Palador Pictures Pvt. Ltd.
- Company type: Private
- Industry: Home video
- Founded: 2005 Mumbai, India
- Headquarters: Mumbai, India
- Key people: Gautam Shiknis, Founder & Managing Director Mohan Polamar, Co-Founder & Joint MD
- Products: DVD
- Website: www.mypalador.com

= Palador Pictures =

Indian film production company

Palador Pictures (also Palador Pictures Private Limited) is a content production, programming and publishing company based in Mumbai, India, dealing mainly with the acquisition and distribution of foreign-language films, also known as world cinema, in the Indian subcontinent through DVD, television and theatre.

It was the first company to focus on world cinema in India in 2005. Published reports indicate that Palador controls the distribution of close to 1000 films made from the 1920s to the present.

== Company name ==
"Palador" is derived from "Pala", a fictional island in the novel The Island by Aldous Huxley. Palador is also a planet in Arthur C. Clarke's short science fiction story "Rescue Party," the first story Clarke sold. It is also the name of a dental alloy.

==Acquired films==

Cover for Palador Pictures' DVD release of Seven Samurai.

The company has acquired films from many parts of the world, and especially at film festivals. It acquired the rights to around 300 films during the Cannes Film Festival of 2007, including the 'Extra-Special' anniversary prize-winning film Paranoid Park. In a recent Berlin International Film Festival, Palador is said to have acquired films like Shine a Light, the biography of the Rolling Stones directed by Martin Scorsese, and the Lou Reed documentary Berlin.

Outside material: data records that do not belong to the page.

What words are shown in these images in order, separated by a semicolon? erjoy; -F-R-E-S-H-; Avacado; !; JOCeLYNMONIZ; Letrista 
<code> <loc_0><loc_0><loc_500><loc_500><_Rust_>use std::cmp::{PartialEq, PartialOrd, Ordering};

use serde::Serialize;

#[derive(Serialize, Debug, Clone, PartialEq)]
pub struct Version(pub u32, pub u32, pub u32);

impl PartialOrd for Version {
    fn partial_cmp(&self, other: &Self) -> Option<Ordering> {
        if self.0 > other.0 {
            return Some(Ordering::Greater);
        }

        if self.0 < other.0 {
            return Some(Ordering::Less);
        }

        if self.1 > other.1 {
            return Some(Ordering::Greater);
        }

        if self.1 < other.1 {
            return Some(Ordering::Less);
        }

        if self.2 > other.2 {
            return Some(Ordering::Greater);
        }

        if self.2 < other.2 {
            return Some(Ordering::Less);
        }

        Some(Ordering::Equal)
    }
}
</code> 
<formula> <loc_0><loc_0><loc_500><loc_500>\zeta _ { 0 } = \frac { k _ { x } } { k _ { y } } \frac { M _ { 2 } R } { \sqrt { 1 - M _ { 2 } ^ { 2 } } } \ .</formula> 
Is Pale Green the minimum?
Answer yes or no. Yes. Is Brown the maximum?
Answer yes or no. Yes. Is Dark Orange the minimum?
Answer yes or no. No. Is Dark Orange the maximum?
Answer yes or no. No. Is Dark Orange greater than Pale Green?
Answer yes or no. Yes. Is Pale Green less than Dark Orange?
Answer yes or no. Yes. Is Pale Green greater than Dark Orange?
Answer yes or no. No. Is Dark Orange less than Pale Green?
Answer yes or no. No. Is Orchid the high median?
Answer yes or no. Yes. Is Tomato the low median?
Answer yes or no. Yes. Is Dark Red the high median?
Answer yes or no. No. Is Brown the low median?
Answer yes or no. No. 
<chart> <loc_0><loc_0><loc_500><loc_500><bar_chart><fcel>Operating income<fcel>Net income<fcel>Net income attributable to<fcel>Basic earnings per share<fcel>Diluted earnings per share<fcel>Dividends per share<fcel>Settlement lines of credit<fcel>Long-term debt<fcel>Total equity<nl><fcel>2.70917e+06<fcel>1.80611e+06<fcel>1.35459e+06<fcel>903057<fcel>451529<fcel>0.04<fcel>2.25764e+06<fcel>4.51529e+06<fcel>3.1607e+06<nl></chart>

On television, eight films from Palador's catalog were shown in association with Tata Sky during October–November 2007, including films by directors Akira Kurosawa, Wim Wenders, François Truffaut and Wong Kar-wai. The company recently closed a deal with Zee Studio to show 26 of its films for six months.

===DVD releases===
Palador has launched a DVD Label called 'The One World Collection' and have released world cinema titles under it. The films are being sold as box sets and as individual titles. Some of the movies include: Akira Kurosawa's Seven Samurai, Yojimbo, Throne of Blood; and Ingmar Bergman's Wild Strawberries and Summer Interlude.

Palador has tied up with Moser Baer, to offer 50 films on DVD. These titles expected to cost INR 399, will mark the entry of Moser Baer, known for their inexpensive DVDs and VCDs, into a premium category.

==Online promotion==
The company is promoting world cinema online via different partnerships. It is selling its DVD titles and box sets with Indiaplaza.in and from their own online store. Akira Kurosawa, Wong Kar-wai, François Truffaut and World Cinema Collectors Box Sets are available in these stores.

As a promotional measure Palador has also begun a 'Trip To Cannes' contest that allows those that buy these box sets to win a trip to the Cannes Film Festival 2008.

The online store does not have customer support, and there are no listed phone numbers to contact in case of ordering or shipping problems. E-mails to their support team are not entertained in case of disputes.

==Valuation==
Palador raised funding of US$6 million from private investors including Mahesh Mathai, the director of Indian film, Bhopal Express in August 2007, after a 15% dilution of equity. By this estimation the valuation of Palador is US$40 million. The valuation is understated considering that the world cinema market in the country has been estimated to reach a valuation of Indian Rs.1,500 crore by 2009 and compose 20 percent of the non-Indian language movie segment in India.

==Dispute with UTV==
The company was in a joint venture agreement with UTV Software Communications Ltd. in 2006–07. The partnership soured and UTV terminated the contract, citing 'material breach and non-performance' in May 2007. However, after a court arbitration UTV had to unconditionally withdraw the allegations in August 2007. Things soured further between the two and Palador took UTV to court in November 2007.